I’ve always thought Parsons was kind of overrated. He’s a good enough three point shooter, but he’s poor defensively, and always looks confused trying to drive with the basketball. Case in point: after making slight contact with Dellavedova, he flings a wild airball towards the shot clock, expecting a foul call. Looks like someone’s spent too much time around Harden.

4. Jeff GREEN +100

Last week, I spent FIVE minutes arguing during a pickup game. This guy said that you could jump off both feet, as long as you started dribbling before you came back down. How do so many pickup players not know the basic rules of basketball?? I hate playing with Greek bro-types. Anyway, Jeff Green traveled.

5. Brandon BASS +100

I’m impressed. Here, Shaq pulls out probably the greatest pun he’s had during the entirety of his TNT career. “DUMB BASS” is great. And he doesn’t go crazy, yelling “DUMB BASS DUMB BASS DUMB BASS.” In fact, he only repeats it once. But that’s still enough for Kenny Smith to go, “I got it the first time.” Shaq would be 50% better if he would just be quiet after making a joke.

6. Chris BOSH +100

Probably one of the more bizarre NBA plays I’ve seen. It must be a cramp, right? It makes me sad that in over a thousand hours of playing the NBA 2k series, the “best basketball simulation on Earth,” I’ve never failed at the level of the past couple plays. You just don’t slip or cramp or have bizarre failures. And sure, those would probably be incredibly frustrating in-game, but most Shaqtins are completely impossible in 2k. That makes me sad. Anyway, while the two refs look around stunned, Chris Bosh gets down to pray for forgiveness immediately after his airball, so I guess it’s all okay.

7. Jeremy LIN +100

Oh God, I’m sorry Kobe. Look at him: as SOON as Jeremy loses the ball, Kobe starts walking back on defense. Can we get some sort of support group going for him?

8. Marcin GORTAT +100

Randy Wittman is probably the most emotionally expressive, Dracula-faced head coach in the association, and it looks like his brain is about to explode after the ball slips. Actually, you know what?

Head Coach Randy Wittman

Count Dracula, played by Bela Lugosi

Looks pretty close to me.

9. Giannis ANTETOKOUMPO +100

9. Brandon KNIGHT +100

Kenny Smith is right, I’m blaming both players.

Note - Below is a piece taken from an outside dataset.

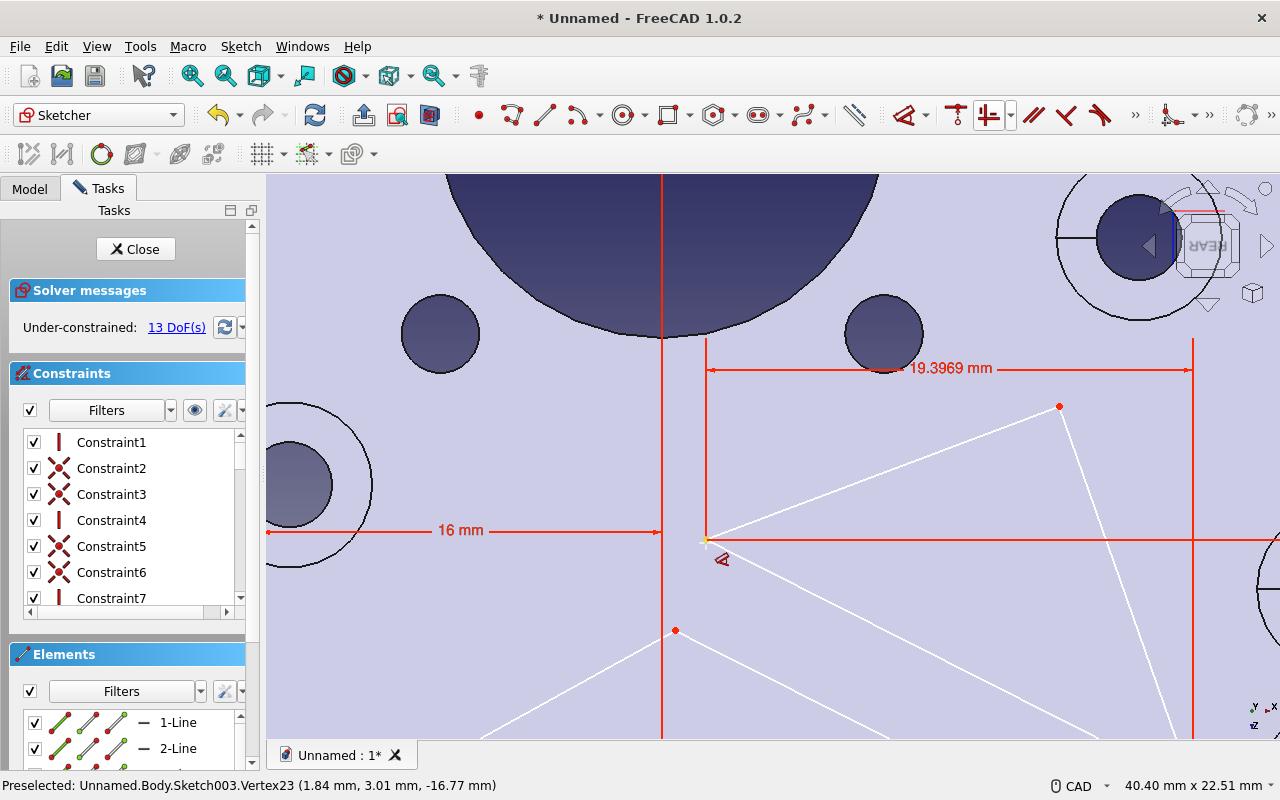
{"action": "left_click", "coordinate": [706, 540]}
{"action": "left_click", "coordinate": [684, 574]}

From the ref standing three feet away, to Hornets coach Steve Clifford who can’t even turn around fast enough to see the one-second turnover, to Jason Kidd who can barely bite back a smile, everyone is confused and amused. Giannis and Brandon are literally the only two players in the backcourt. How can they mess it up so badly? Unbelievable.

10. Dion WAITERS +100

Dion Waiters is an idiot.

FINED:

C.J. WATSON +5 (flop)

SUSPENDED:

Andrei KIRLENKO +20 (indefinite, not wanting to be a 76er)

CURSED:

Brooklyn NETS +100 (3/4 weeks served)

THE COMMISSIONER: Thanks for tuning in, y’all. See you soon.